Portée par les jeunes Verts, le texte soumis au vote vise à interdire toute extension des zones à bâtir, sans limite de temps. Les initiants souhaitent que tout nouveau terrain à bâtir soit compensé par le dézonage d’une surface d’une taille au moins équivalente ailleurs. En suggérant que les nombre de zones à bâtir en Suisse est en augmentation, cette initiative donne une fausse impression de la réalité puisque les chiffres de l’Office fédéral du développement territorial (ARE) montrent que le nombre de zones à bâtir est constant depuis 2012.

Par ailleurs, les auteurs de l’initiative ont négligé les conséquences économiques et sociales de leur proposition, en particulier pour les classes moyennes. Le gel total des zones à bâtir raréfierait l'offre et ferait par conséquent exploser les prix de l’immobilier, mettant fin à tout espoir d’accéder à la propriété de son logement. En toute logique, elle ferait grimper les prix et les loyers. L’initiative engendrerait également une pénurie d’espaces d’activités économiques pénalisant les PME et les entreprises industrielles qui ne pourraient plus développer leurs activités sur leur site d’implantation.
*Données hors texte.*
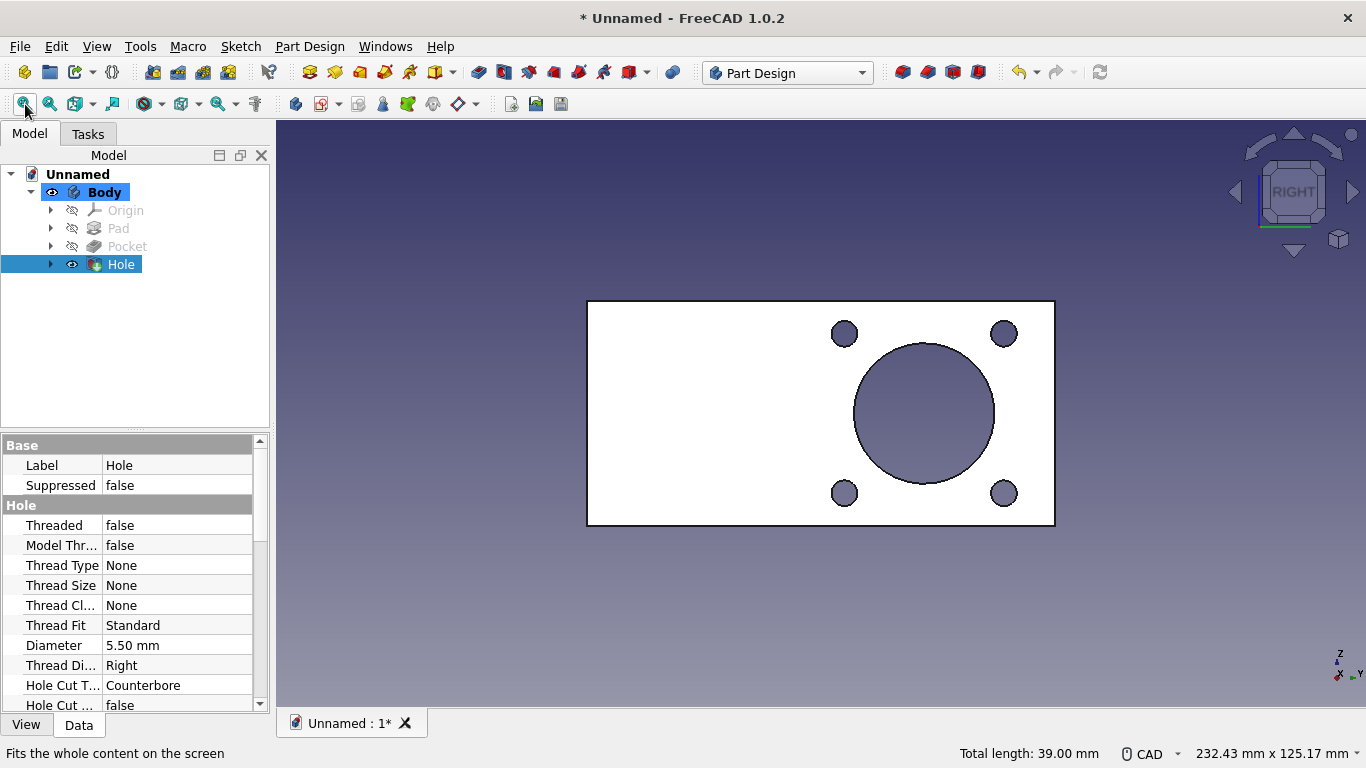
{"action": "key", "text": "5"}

En adoptant la Lex Weber puis la loi révisée sur l’aménagement du territoire (LAT), la population suisse a déjà posé les jalons nécessaires pour encourager un développement raisonnable avec une utilisation plus rationnelle du sol. Depuis l'entrée en vigueur de la LAT révisée le 1er mai 2014, les cantons se sont attelés à la révision de leurs plans d’aménagement, de certaines lois sur les constructions, mais la mise en œuvre au niveau communal n’a presque pas commencé. Dans le meilleur des cas, ce processus s'étend sur une période de 8 à 10 ans. Aussi l'introduction de nouvelles directives telle que proposées par cette initiative extrême ne ferait que nuire à l’aménagement du territoire.

La LAT couvre déjà les exigences de base pour une gestion raisonnée des sols. Les cantons appliquent les nouvelles normes qui sont déjà très strictes. Ils réduisent la taille des zones à bâtir et adaptent la création des nouvelles zones à l’évolution démographique. Cela signifie que les principales préoccupations de l’initiative ont déjà été prises en compte dans la LAT révisée. Cette initiative ne sert donc pas les intérêts de notre pays.